There are currently only three passenger train services in Mexico, excluding commuter services such as those that run on the Suburban Train railroad in the greater Mexico City area.
But by 2050 there could be 11 interconnecting services if all the new routes proposed by a ruling party lawmaker are built.
Miguel Torruco Garza, a deputy with the Morena party and son of federal Tourism Minister Miguel Torruco Marqués, published a map to his Twitter account earlier this year that showed existing and possible routes for passenger trains.
“We’re close to making this a reality and returning passenger trains to our Mexico,” Torruco tweeted above his “map of passenger trains in Mexico 2050.”
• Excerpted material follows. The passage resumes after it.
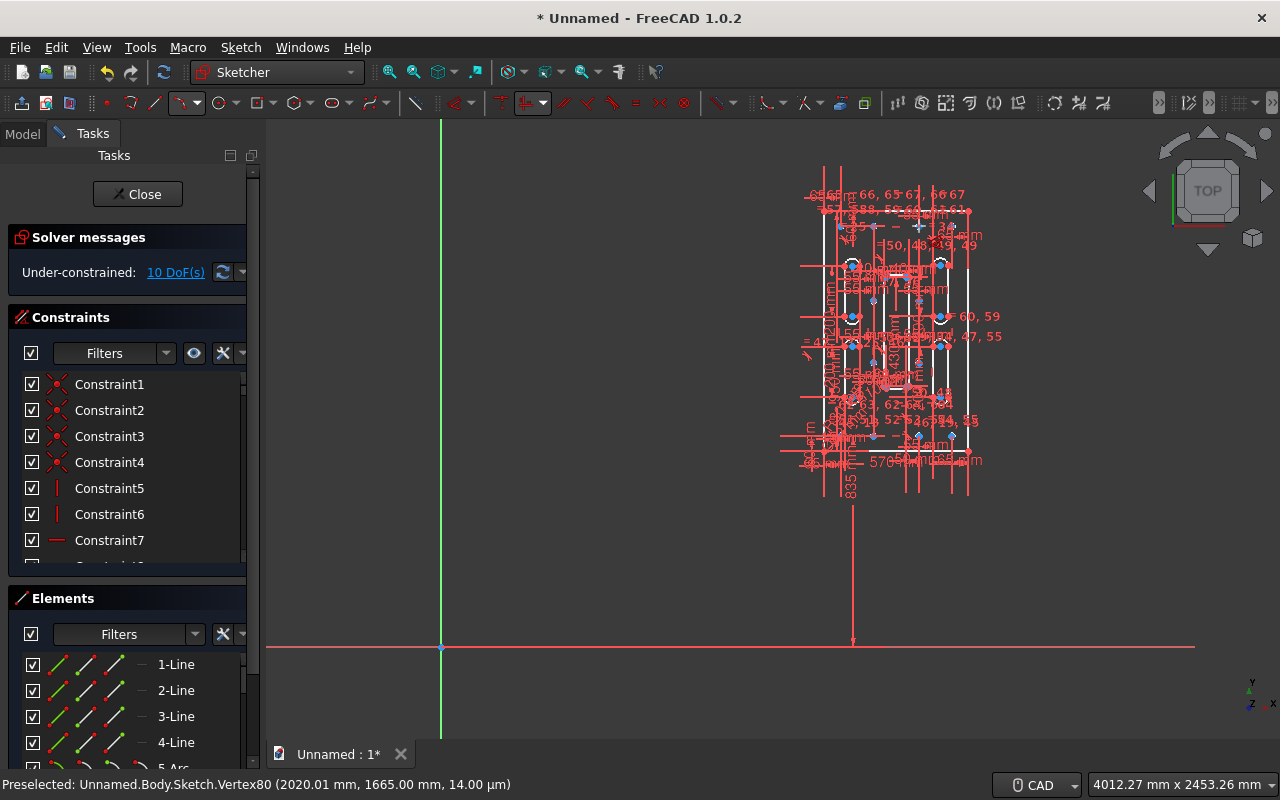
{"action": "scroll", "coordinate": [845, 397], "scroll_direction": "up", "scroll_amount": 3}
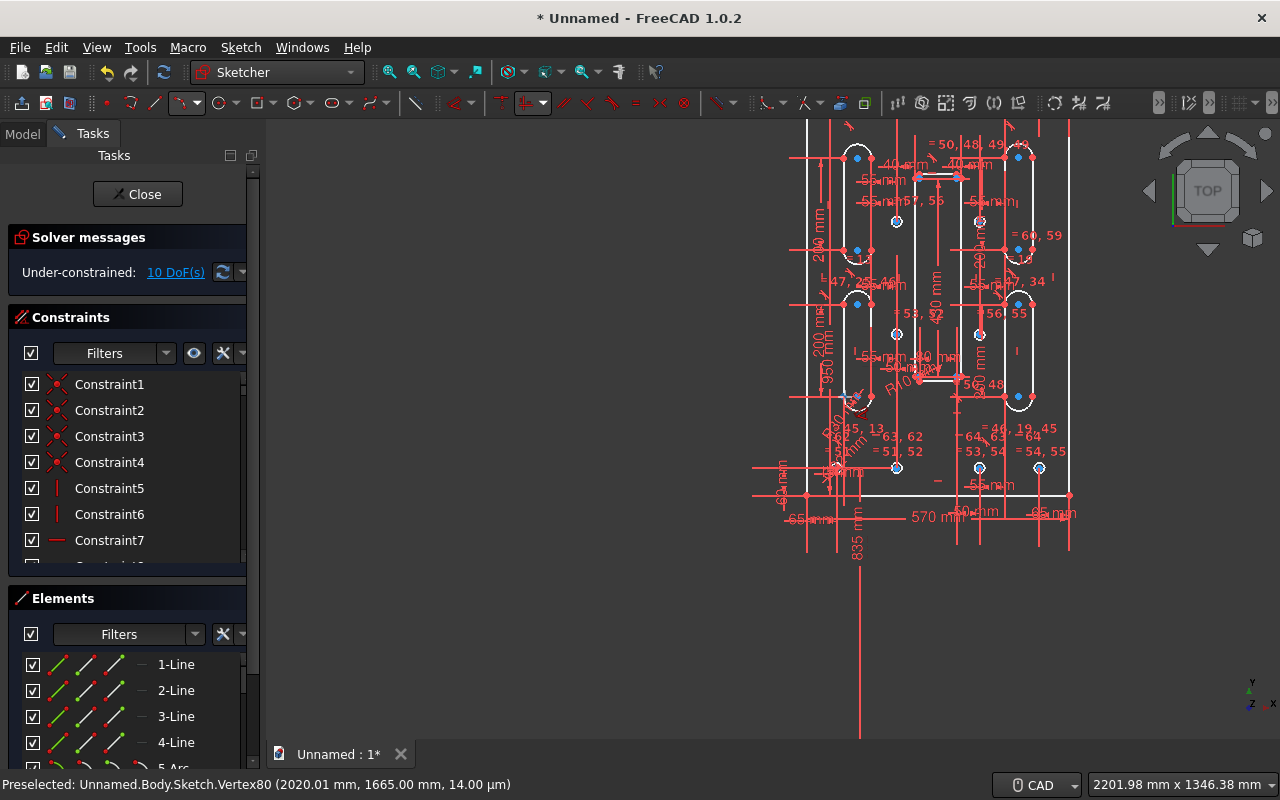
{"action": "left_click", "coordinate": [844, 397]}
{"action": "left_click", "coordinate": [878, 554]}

The lawmaker said Monday that he had presented an initiative in the lower house of Congress that called for the recovery of Mexico’s passenger train system, which fell by the wayside after privatization in the 1990s. He also published a second, slightly different rail map to his Twitter account.
Among the 11 routes on Torruco’s latest map is an existing one and two others that encompass sections of track on which tourist trains currently run.
The three services that currently operate in Mexico are El Chepe, as the Chihuahua-Pacific service between Chihuahua city and Los Mochis, Sinaloa, via the Copper Canyon is known; The Tequila Express, which links Guadalajara to the town of Tequila, Jalisco, the birthplace of Mexico’s most famous tipple; and the Tijuana-Tecate service in Baja California.
According to the map published by Torruco, the Guadalajara-Tequila service would be encompassed within a longer passenger service from Poza Rica on the Gulf coast in Veracruz to Puerto Vallarta on the Pacific coast in Jalisco. The 1,500-kilometer Bajío Train line would run through cities such as Pachuca, Querétaro, León and Guadalajara.
Similarly, the Tijuana-Tecate service would become a small section of the proposed 5,300-kilometer-long Pacific Train line, which would link Cabo San Lucas, Baja California Sur, to Tapachula, Chiapas, via cities including La Paz, Tijuana, Mexicali, Hermosillo, Mazatlán, Tepic, Zihuatanejo, Acapulco and Puerto Escondido.
The other routes featured on Torruco’s map are the Central Train line from Guadalajara to Veracruz city; the Oaxaca Train line from Puebla to the Oaxaca coast via Oaxaca city; the Isthmus (of Tehuantepec) Train line between Coatzacoalcos, Veracruz, and Salina Cruz, Oaxaca; the US $10 billion Maya Train railroad, which is currently under construction and will link cities and towns in five southeastern states; the Gulf Train line from Matamoros, Tamaulipas, to Palenque, Chiapas; the Transversal Train line from Mazatlán, Sinaloa, to Reynosa, Tamaulipas; the Eastern Train line between Piedras Negras, Coahuila, and Acapulco, Guerrero; and the Western Train line between Ciudad Juárez, Chihuahua and Lázaro Cárdenas, Michoacán.
The federal government has outlined plans to run passenger services on sections of the routes proposed by Torruco but not along their entirety.
For example, the Mexico City-Toluca Train line, left incomplete by the previous government, is slated to finally open in 2023, while President López Obrador said earlier this month that 30 billion pesos (almost US $1.5 billion) would be invested in a passenger service between Coatzacoalcos and Palenque via the Dos Bocas refinery, which is currently under construction on the Tabasco coast.
Planning documents obtained by the newspaper El Universal last year indicated that the government was also planning to launch a passenger rail service between Coahuila and Tamaulipas, which would be a branch line of the Eastern railroad proposed by Torruco.
In addition, the government is upgrading existing tracks on the Isthmus of Tehuantepec as part of its trade corridor project, which is touted as a potential rival to the Panama Canal. That railroad could be used by the Isthmus passenger service Torruco advocated.